Passado o furor do gênero autoficcional, vitimado por sua própria indefinição — como bem assinala a professora catalã Anna Caballé —, percebo que os alunos atuais passam a olhar para os lados, e, junto às indagações introspectivas referidas, ressurgem as preocupações de natureza social e que envolvam os outros na forma de troca, não mais de imposição da voz autocrática da personagem central. Ressurgem os textos em terceira pessoa, que estavam empoeirados nos armários da literatura. Mas atenção: ressurgem, sim, mas com um caráter sagazmente paródicos de si mesmos.

O escritor norte-americano David Foster Wallace, que também foi professor de escrita criativa, afirmou que o clichê se mostra real: aprende-se mais com os alunos do que se ensina. Você compartilha dessa visão?

É um clichê, e uma frase de efeito que assim deve ser tratada. Se isso acontecesse, eu me sentaria entre os alunos e um deles dava aula. Não sei se a turma ficaria agradada desse esquema. Posso entender o dito brejeiro de Wallace como um exagero, isso sim. Nesse espírito, entretanto, posso dizer que, a uma observação de um aluno, eu posso me dar conta de algum pormenor que me havia passado em branco em minha própria literatura. Quase sempre se trata de um material riquíssimo e não raramente, brilhante.

No capítulo 9 você comenta sobre o sonho geral de se escrever um romance. Por que acha que é especificamente esse gênero que contamina o imaginário popular? Ainda: existe uma espécie de “preconceito” com o conto, como se fosse uma narrativa de menor valor?

Sim, existe um pré-conceito.
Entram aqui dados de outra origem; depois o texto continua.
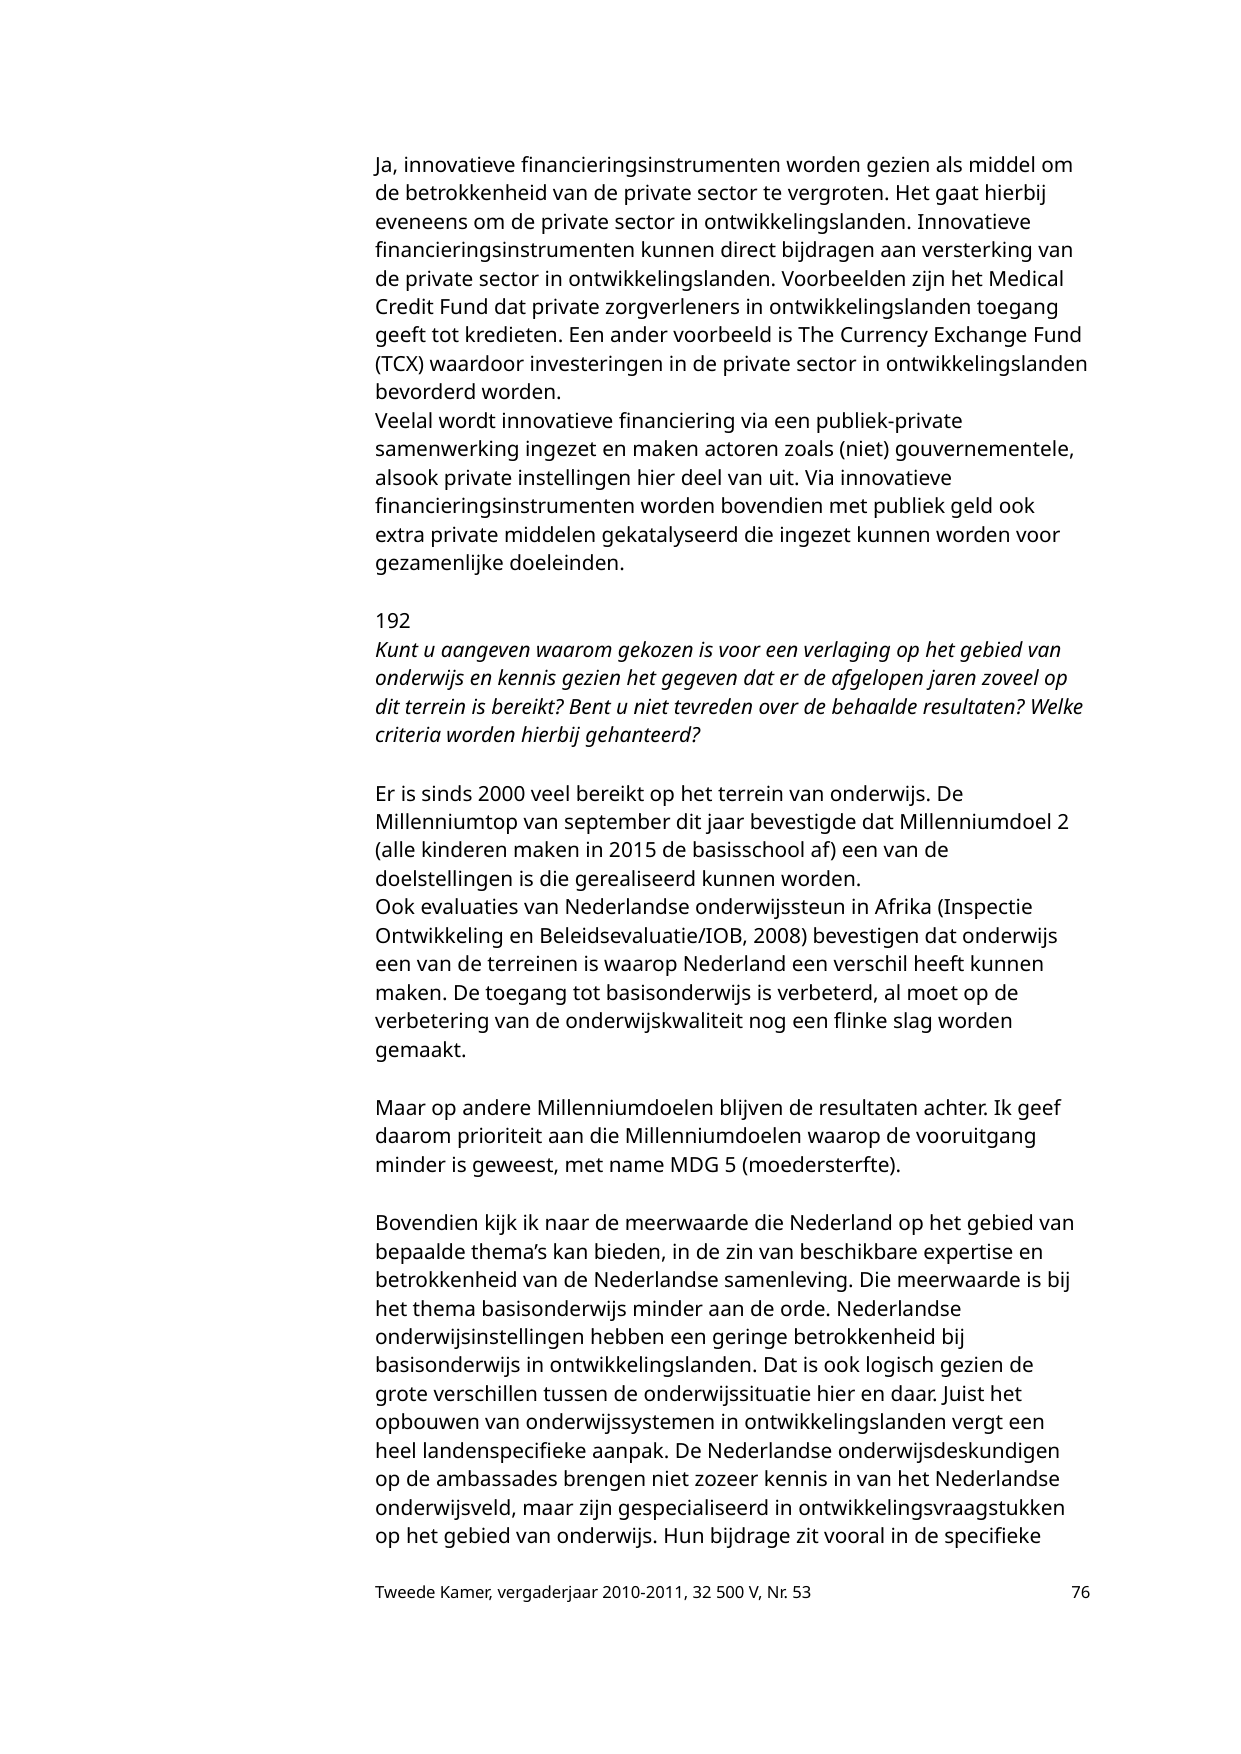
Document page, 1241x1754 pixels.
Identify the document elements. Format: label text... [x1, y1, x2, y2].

A bem falar a verdade, o conto é uma proposta sofisticadíssima, quase sempre mais sofisticada do que a do romance. Mas é um gênero pouco valorizado por duas razões: pela sua pequena dimensão em número de palavras e porque o bom conto, especialmente o conto contemporâneo, exige muito do leitor, em termos de sagacidade e percepção de seu subtexto. Sou romancista, e por isso posso dizer sem que me atirem pedras: o romance, fora os experimentais, “é mais fácil” do que o conto. Para ler e para escrever.

Na conclusão do manual, lê-se: “caso você tenha aprendido alguma coisa útil neste livro, você só será ficcionista por inteiro quando o tiver apagado da memória”. Em última instância, trata-se de absorver as “regras” somente para saber como corretamente descartá-las e, daí, realizar o excepcional?

Sim. A técnica, com o tempo, deve tornar-se invisível. E isso só se consegue caso ela se integre entranhadamente ao nosso modo de escrever. Com esse instrumental assimilado e absorvido, podemos nos aventurar a todas as experiências literárias, inclusive aquelas que são disjuntivas em relação à “boa” técnica. Se assim não acontecesse, ainda escreveríamos com o estilo de Homero.